Back in 2001, a couple of years before he retired from the NBA, Robinson, and his wife Valerie, provided the inspiration and financial support to create the kind of school kids in Chicago can only dream about. It's named the Carver Academy after George Washington Carver, the man Time Magazine dubbed in 1941 the "Black Leonardo" because of his genius in science, education, botany and many other fields. Carver also had little patience with whiners ("Ninety-nine percent of the failures come from people who have the habit of making excuses"). This is why Carver, who endured plenty of discrimination in his life, has never been embraced by our "diversity" engineers. His name, therefore, is a fitting moniker for one of our nation's more successful private schools.

When parents click on "Curriculum Overview" at the Carver Academy website they won't find hundreds of pages of Ed School jargon regarding structural inequality and racism. They will find a couple of short paragraphs describing the "skills mastery approach" to education and how that encompasses science, math, literature, history and languages. Clicking on "Foreign Languages" reveals one sentence telling prospective parents that "all students, pre-kindergarten through 6th grade, take three different foreign language classes. All students attend Spanish, German and Japanese each week." The "Music/Band" link consists of just two paragraphs describing the benefits of music education in other fields of study and that "every Carver Academy student learns to read and write music" as well as "has an opportunity to be in the band."

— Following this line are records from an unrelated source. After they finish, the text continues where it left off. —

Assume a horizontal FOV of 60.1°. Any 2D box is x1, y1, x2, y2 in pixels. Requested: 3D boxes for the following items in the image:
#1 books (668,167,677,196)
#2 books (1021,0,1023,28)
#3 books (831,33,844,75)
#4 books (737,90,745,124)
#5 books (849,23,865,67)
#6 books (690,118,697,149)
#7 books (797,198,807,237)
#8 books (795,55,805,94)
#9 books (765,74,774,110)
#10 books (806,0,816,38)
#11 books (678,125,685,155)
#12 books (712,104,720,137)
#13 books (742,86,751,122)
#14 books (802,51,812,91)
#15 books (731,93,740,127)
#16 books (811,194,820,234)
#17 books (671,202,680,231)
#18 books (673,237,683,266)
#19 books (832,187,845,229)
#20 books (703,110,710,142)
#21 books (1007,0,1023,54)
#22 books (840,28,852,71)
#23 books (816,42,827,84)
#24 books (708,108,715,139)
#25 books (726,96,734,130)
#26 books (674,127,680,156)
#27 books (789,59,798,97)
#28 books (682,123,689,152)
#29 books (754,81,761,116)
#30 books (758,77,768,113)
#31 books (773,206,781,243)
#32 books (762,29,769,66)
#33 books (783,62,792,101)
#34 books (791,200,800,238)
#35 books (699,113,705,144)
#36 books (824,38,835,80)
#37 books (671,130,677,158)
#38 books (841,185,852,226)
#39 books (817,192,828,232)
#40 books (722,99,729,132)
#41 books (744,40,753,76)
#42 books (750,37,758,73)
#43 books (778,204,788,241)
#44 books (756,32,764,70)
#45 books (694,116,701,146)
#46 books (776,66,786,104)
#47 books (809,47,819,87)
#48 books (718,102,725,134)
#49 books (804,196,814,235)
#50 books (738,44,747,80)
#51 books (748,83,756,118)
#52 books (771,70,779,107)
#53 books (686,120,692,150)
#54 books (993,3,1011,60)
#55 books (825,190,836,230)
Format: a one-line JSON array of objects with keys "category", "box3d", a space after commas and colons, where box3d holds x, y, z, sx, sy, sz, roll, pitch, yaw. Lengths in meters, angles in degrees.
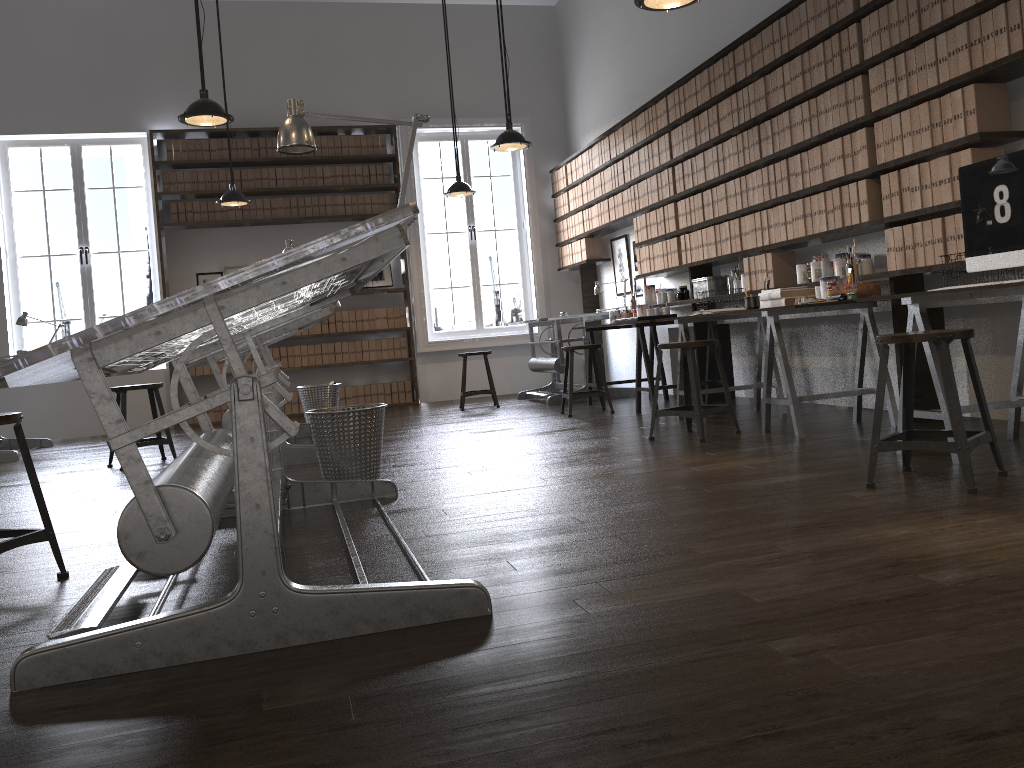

Parents should know that anyone with a sincere interest in child development is going to keep a healthy distance from an ideologue like Barack Obama. While academics and educrats thrill over the theoretical intricacies of competing learning methodologies, kid-friendly activists like David Robinson believe that education is about young people learning the skills to master their own lives. Simply put, to Obama, kids seem to be abstractions - grist for some personal philosophical vision.

The magnificent English writer Samuel Johnson once penned a penetrating analysis of what he called "self-deception." One of the chief signs, according to Johnson, of a self-deceiver is his tendency to "confound the praise of goodness with the practice." These are people who think they are "mild and moderate, charitable and faithful, because they have exerted their eloquence in commendation of mildness, fidelity, and other virtues." This kind of self-deception says Johnson is "almost universal among those who converse with dependents."

Since Barack Obama has spent most of his life as a professor, community organizer, and politician "conversing with dependents" we must take seriously Johnson's warning that these people will "rate themselves by their opinions" rather than by their good works. The tragedy of the CAC was that the entire project was organized by a gaggle of intellectuals who, according to Johnson, tend to "show their virtue in their talk rather than in their actions." How else does one explain hundreds of pages of analysis and little in the way of results?